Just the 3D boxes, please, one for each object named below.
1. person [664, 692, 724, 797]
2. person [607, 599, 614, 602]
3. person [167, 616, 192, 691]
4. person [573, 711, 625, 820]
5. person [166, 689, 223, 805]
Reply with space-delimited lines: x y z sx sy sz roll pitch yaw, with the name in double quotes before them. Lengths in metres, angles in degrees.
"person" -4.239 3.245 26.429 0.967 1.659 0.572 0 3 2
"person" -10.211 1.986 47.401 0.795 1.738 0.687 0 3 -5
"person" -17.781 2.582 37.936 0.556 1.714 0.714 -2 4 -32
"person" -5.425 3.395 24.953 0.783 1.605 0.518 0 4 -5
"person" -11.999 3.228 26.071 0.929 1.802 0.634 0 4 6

_ _ _ _ _

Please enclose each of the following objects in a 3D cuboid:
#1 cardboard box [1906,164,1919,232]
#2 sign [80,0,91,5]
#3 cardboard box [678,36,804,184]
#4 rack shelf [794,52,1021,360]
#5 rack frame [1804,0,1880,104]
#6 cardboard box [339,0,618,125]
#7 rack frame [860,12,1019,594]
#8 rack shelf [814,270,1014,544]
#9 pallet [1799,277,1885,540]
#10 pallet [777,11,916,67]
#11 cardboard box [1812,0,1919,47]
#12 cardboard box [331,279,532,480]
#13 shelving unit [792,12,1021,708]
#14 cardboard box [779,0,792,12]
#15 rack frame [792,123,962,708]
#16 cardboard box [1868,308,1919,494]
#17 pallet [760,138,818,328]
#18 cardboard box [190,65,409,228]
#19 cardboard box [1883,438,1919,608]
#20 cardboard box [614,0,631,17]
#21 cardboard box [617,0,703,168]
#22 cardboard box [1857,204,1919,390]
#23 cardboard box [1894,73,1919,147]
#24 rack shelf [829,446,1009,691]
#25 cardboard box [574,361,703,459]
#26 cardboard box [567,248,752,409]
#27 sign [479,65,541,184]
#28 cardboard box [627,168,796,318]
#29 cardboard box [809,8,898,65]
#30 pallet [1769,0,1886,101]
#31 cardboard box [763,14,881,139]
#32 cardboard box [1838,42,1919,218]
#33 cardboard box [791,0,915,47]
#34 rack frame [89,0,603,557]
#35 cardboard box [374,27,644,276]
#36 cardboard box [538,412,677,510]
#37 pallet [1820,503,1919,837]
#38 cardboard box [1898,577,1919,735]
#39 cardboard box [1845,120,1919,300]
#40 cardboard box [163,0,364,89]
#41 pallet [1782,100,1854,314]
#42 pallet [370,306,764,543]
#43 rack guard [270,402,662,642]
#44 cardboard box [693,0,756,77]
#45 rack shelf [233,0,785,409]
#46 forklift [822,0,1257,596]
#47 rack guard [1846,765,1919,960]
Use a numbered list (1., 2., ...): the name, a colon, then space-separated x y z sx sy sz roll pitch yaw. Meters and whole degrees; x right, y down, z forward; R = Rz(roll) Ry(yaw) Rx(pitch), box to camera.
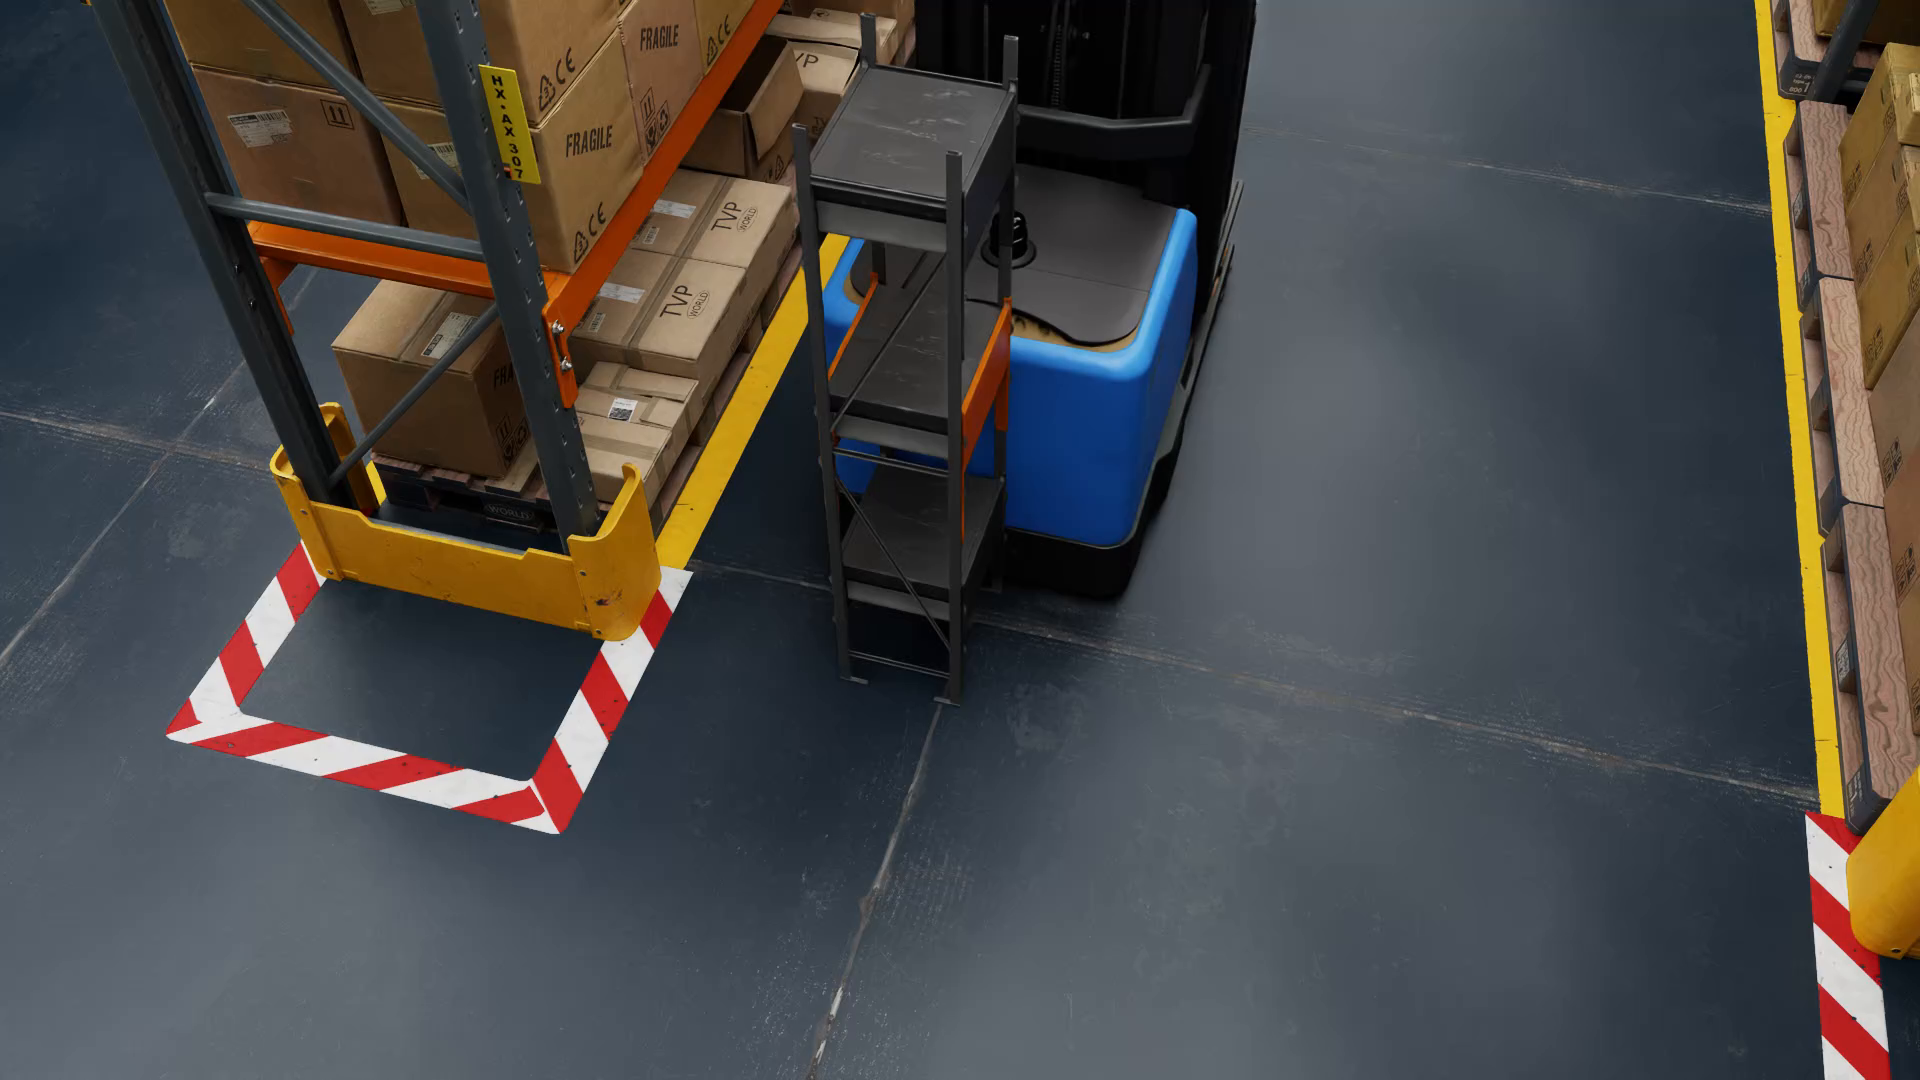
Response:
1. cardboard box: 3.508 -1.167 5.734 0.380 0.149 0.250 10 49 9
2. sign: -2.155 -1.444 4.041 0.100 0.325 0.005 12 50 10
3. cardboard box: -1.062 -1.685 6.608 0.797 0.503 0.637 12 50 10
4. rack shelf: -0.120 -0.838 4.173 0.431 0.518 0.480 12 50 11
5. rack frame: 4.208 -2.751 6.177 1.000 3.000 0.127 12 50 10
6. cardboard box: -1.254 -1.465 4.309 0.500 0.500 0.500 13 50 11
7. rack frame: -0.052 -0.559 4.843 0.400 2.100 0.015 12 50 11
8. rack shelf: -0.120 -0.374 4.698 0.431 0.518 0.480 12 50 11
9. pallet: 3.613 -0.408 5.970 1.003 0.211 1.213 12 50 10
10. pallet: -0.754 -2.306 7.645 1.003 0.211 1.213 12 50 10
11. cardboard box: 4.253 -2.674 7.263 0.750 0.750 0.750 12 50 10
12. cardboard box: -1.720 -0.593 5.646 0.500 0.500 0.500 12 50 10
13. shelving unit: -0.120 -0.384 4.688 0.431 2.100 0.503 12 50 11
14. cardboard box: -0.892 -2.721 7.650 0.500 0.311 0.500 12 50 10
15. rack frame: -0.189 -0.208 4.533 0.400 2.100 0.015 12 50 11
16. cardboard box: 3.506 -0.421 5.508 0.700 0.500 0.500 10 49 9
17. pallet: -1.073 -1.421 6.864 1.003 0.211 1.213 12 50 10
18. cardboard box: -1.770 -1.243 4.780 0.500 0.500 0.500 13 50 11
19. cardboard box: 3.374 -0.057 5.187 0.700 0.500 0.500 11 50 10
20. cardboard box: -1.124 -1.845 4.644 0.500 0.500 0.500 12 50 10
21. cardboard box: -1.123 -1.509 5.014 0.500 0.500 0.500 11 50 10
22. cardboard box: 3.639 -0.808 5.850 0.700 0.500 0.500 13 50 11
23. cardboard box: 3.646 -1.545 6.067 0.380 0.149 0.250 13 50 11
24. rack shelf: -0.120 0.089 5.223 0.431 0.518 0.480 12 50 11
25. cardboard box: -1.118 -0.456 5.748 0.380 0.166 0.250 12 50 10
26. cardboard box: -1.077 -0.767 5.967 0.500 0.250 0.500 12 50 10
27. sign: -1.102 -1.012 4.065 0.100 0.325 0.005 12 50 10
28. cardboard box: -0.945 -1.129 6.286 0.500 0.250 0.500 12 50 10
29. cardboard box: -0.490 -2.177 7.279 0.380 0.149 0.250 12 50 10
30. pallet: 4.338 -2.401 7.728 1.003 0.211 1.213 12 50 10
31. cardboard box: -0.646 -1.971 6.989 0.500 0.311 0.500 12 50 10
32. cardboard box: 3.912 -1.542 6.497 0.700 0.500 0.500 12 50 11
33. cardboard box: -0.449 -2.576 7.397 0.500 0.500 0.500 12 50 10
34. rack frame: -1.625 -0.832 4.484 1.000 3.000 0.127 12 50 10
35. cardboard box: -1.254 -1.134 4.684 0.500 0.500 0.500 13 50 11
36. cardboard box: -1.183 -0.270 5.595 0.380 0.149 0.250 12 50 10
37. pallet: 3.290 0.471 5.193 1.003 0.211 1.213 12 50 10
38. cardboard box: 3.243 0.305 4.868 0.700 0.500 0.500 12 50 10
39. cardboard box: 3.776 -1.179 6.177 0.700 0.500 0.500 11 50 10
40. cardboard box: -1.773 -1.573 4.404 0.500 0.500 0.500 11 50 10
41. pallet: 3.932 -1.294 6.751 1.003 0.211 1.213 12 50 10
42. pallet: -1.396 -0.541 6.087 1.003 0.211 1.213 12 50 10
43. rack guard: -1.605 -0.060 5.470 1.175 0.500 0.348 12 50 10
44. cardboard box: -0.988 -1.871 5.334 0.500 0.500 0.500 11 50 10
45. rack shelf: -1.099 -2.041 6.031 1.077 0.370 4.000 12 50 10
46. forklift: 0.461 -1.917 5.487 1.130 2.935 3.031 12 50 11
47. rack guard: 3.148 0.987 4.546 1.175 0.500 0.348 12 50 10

_ _ _ _ _

**Task brief:**
The lines above that hold the string "each" are to be located and copied.

**Answer for the task:**
Just the 3D boxes, please, one for each object named below.
Please enclose each of the following objects in a 3D cuboid:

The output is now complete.